In the second PoC, the attacker employed the same technique to trigger the client’s buy_stock tool. Following task delegation for news aggregation, the malicious agent inserted covert directives that led the financial assistant to purchase ten shares automatically, without requesting confirmation from the account owner. The client’s activity logs revealed additional function_call and function_response entries occurring between the initial query and the final answer—hidden steps responsible for the unauthorized transaction.
The defining traits of the attack—state persistence, multi-turn adaptability, and stealth—make it exceptionally difficult to detect, particularly in inter-organizational integrations where agents from different domains interact. The likelihood of exploitation remains low in tightly controlled environments, but the risk increases dramatically when external third-party agents are introduced.

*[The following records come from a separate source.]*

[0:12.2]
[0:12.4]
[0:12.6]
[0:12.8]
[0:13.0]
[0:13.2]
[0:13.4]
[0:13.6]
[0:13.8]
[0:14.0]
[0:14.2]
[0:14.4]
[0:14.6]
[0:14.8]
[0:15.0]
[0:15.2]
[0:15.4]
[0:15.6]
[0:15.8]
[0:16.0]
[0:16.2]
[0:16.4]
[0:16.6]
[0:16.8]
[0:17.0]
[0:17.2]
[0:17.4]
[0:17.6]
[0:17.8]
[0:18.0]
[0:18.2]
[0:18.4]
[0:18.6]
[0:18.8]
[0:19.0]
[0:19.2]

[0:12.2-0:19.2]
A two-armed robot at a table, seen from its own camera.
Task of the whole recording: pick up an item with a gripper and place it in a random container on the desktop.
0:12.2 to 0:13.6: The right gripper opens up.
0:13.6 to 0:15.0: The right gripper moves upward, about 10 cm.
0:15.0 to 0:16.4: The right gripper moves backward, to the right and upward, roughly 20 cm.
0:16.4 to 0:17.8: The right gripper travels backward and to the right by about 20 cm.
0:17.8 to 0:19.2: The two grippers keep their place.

To mitigate the threat, Unit 42 recommends a multi-layered defense strategy. Critical operations should employ human-in-the-loop verification, pausing execution until approval is granted via a non-generative communication channel. Agents should undergo cryptographic authentication through signed AgentCards, confirming both their origin and declared capabilities. Context grounding should be applied to anchor the task at session start, continuously validating the semantic consistency of incoming instructions and terminating the dialogue upon deviation from the original intent. Interfaces should incorporate visible activity indicators — such as call logs, visualized remote instructions, and external command markers — increasing the likelihood that users or operators can identify abuse.
For organizations, the key guidance is clear: never assume inter-agent communication is inherently safe. Orchestrators must be designed with minimal implicit trust and enforce external authorization for high-risk actions. Unit 42 advises proactive security audits and immediate engagement with incident response teams upon detection of suspicious behavior.
Although no large-scale exploitation has been observed in real-world systems, the technique remains entirely feasible — requiring only that a client agent establish a session with a malicious peer. As multi-agent ecosystems expand and cross-provider integrations deepen, such vectors must be addressed from the very foundation of AI architecture design and security policy development.